WIPO Arbitration and Mediation Center
ADMINISTRATIVE PANEL DECISION
National City Corporation v. MH Networks LLC
Case No. D2004-0128
1. The Parties
The Complainant is National City Corporation (“National City” or “Complainant”), a Delaware corporation located at National City Center, Cleveland, Ohio, United States of America. It is represented by Sughrue Mion, PLLC.
The Respondent is MH Networks LLC, Las Vegas, Nevada, United States of America (“Respondent” or “MH Networks”).
2. The Domain Name and Registrar
The disputed domain name <national-city-mortgage.com> is registered with eNom.
3. Procedural History
The Complaint was filed with the WIPO Arbitration and Mediation Center (the “Center”) on February 18, 2004. On February 19, 2004, the Center transmitted by email to eNom a request for registrar verification in connection with the domain name(s) at issue. On February 19, 2004, eNom transmitted by email to the Center its verification response confirming that the Respondent is listed as the registrant and providing the contact details for the administrative, billing, and technical contact. The Center verified that the Complaint satisfied the formal requirements of the Uniform Domain Name Dispute Resolution Policy (the “Policy”), the Rules for Uniform Domain Name Dispute Resolution Policy (the “Rules”), and the WIPO Supplemental Rules for Uniform Domain Name Dispute Resolution Policy (the “Supplemental Rules”).

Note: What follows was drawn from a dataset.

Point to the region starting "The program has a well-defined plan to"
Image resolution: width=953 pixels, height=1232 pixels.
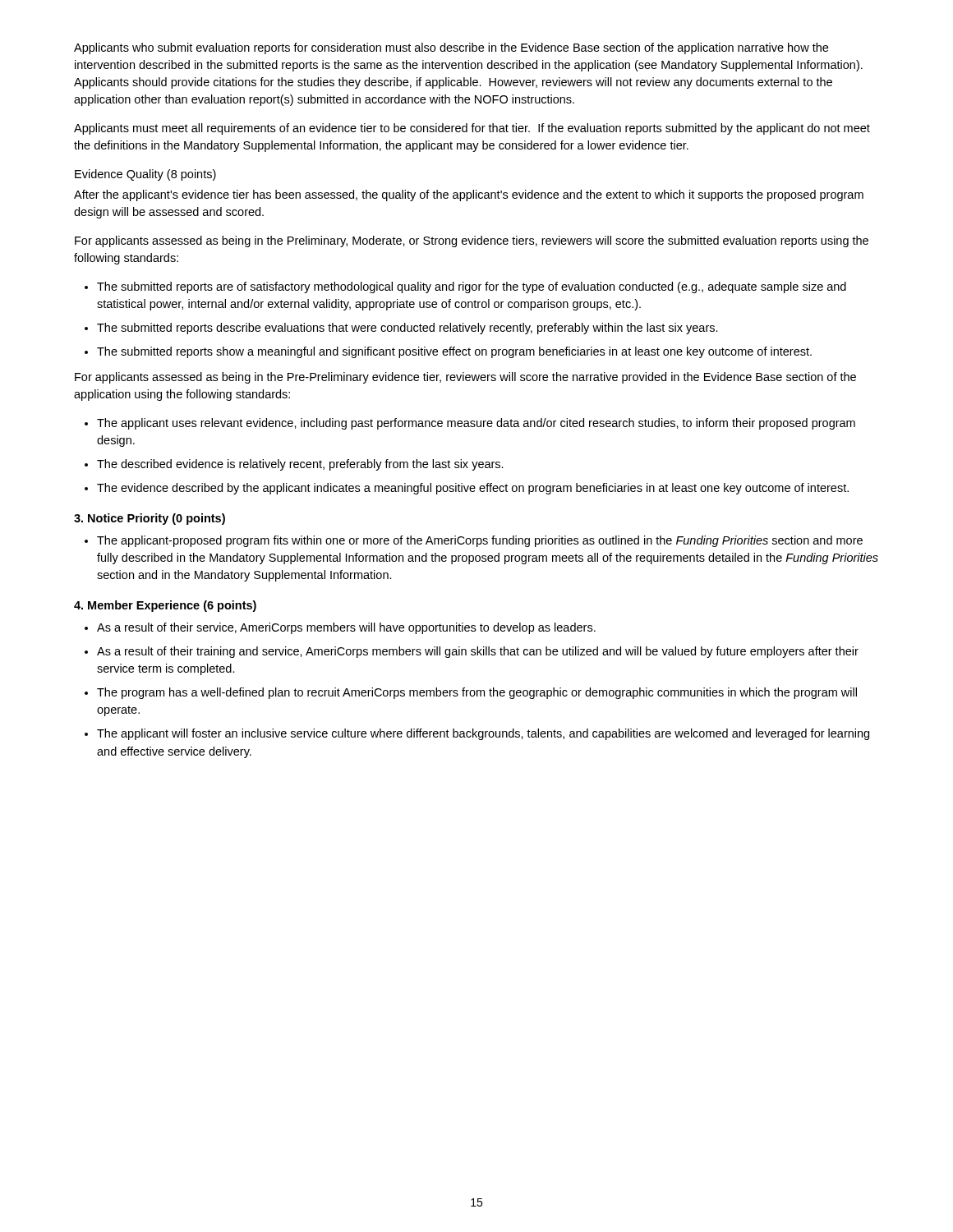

In accordance with the Rules, paragraphs 2(a) and 4(a), the Center formally notified the Respondent of the Complaint, and the proceedings commenced on February 25, 2004. Proceedings were suspended upon the Complainant’s request on March 12, 2004, and reinstituted on April 16, 2004. In accordance with the Rules, paragraph 5(a), the due date for Response was May 5, 2003. The Respondent did not submit any response. Accordingly, the Center notified the Respondent’s default on May 6, 2004.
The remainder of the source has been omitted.